The full article is available at http://jn.nutrition.org/content/101/4/525.long
Excerpt:
Fetal fluoride and tin levels. Two-way analysis of variance of the values for animals fed salts containing fluoride indicated that the variable of test salt did not have a significant effect on fetal fluoride level (P > 0.25). However, the dietary level of fluoride had a highly significant effect (P << 0.01 ) on the fetal level of fluoride. The fetuses of rats fed the 200 ppm fluoride diets had significantly (P < 0.05) higher fluoride levels than the fetuses of rats fed diets with 0, 50, or 100 ppm fluoride. Although the fetuses of rats fed the diet containing 200 ppm fluoride as stannous fluoride had a significantly (P < 0.05) higher fluoride level than those of rats fed the same level of fluoride as sodium fluoride, significant differences between fetal fluoride levels were not observed at the two lowest levels of these two salts. The fetuses of animals fed diets containing no test salt or nonfluoride test salts all had lower fluoride levels than those of animals fed test salts containing fluoride, with the exception of the group fed sodium chloride (table 5). The values in this group were not normally distributed.
These fetal fluoride levels correspond quite closely to those found previously when rats were fed diets containing 0, 50, 100, and 200 ppm fluoride as sodium fluoride during and before gestation (13). The fetuses of females fed diets containing 200 ppm fluoride as sodium fluoride in that study were found to have fluoride levels of 3.1 and 4.0 ppm, compared to the value of 3.0 ppm in this study
… Placental levels of tin and fluoride bore little relationship to the tin and fluoride levels in the diet. Placental levels of fluoride were similar to those found by Feltman and Kosel (2) in women receiving 1 mg fluoride daily during pregnancy and in control women. The placenta contained relatively little tin whether the diet contained detectable tin or not.

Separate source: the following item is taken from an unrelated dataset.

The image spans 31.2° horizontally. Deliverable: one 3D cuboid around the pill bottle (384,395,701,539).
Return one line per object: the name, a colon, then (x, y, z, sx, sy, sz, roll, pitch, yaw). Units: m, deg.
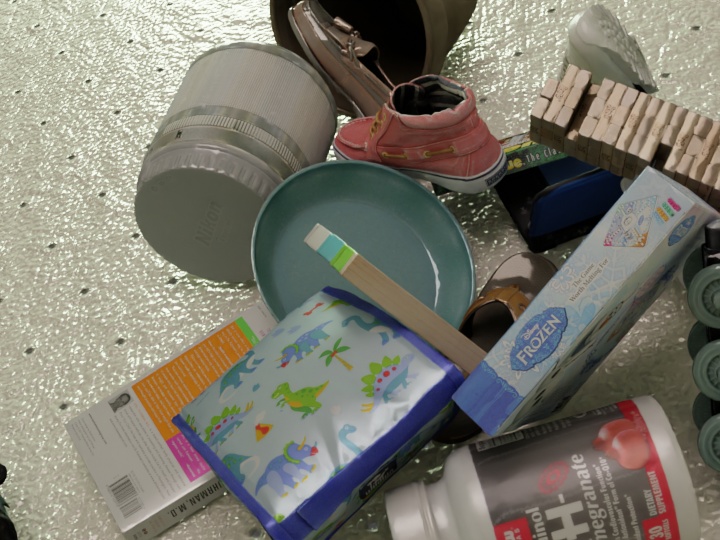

The fetal fluoride level was considerably higher than the placenta fluoride level at the highest level of fluoride intake. Fluoride is deposited in the fetal skeleton (1). An approximation of the absolute efficiency of fluoride transfer to the fetus can be calculated from the fluoride accumulated by the fetuses and the total fluoride intake during gestation. The average female rat fed the diets containing 200 ppm fluoride consumed 300 g of food, for a total fluoride consumption during gestation of 66 mg. On the average, the 12.5 fetuses, weighing about 3.5 g each, of an average female fed 200 ppm fluoride in the diet had a fetal fluoride concentration 3.6 ppm higher than the fetuses of animals fed the control diet. Thus, the fetuses accumulated about 160 jug fluoride, or only 0.24% of that ingested. It seems reasonable to assume that if a form of fluoride had substantially increased capacity to cross the placenta and accumulate in the fetus, it would have been detected in the present study. On this basis, the previous findings of Stookey et al. (6), of less caries incidence in the offspring of rats fed sodium pentafluorostannite during gestation than in the offspring of those fed sodium fluoride, do not appear to have been due to any difference in placental transfer of fluoride.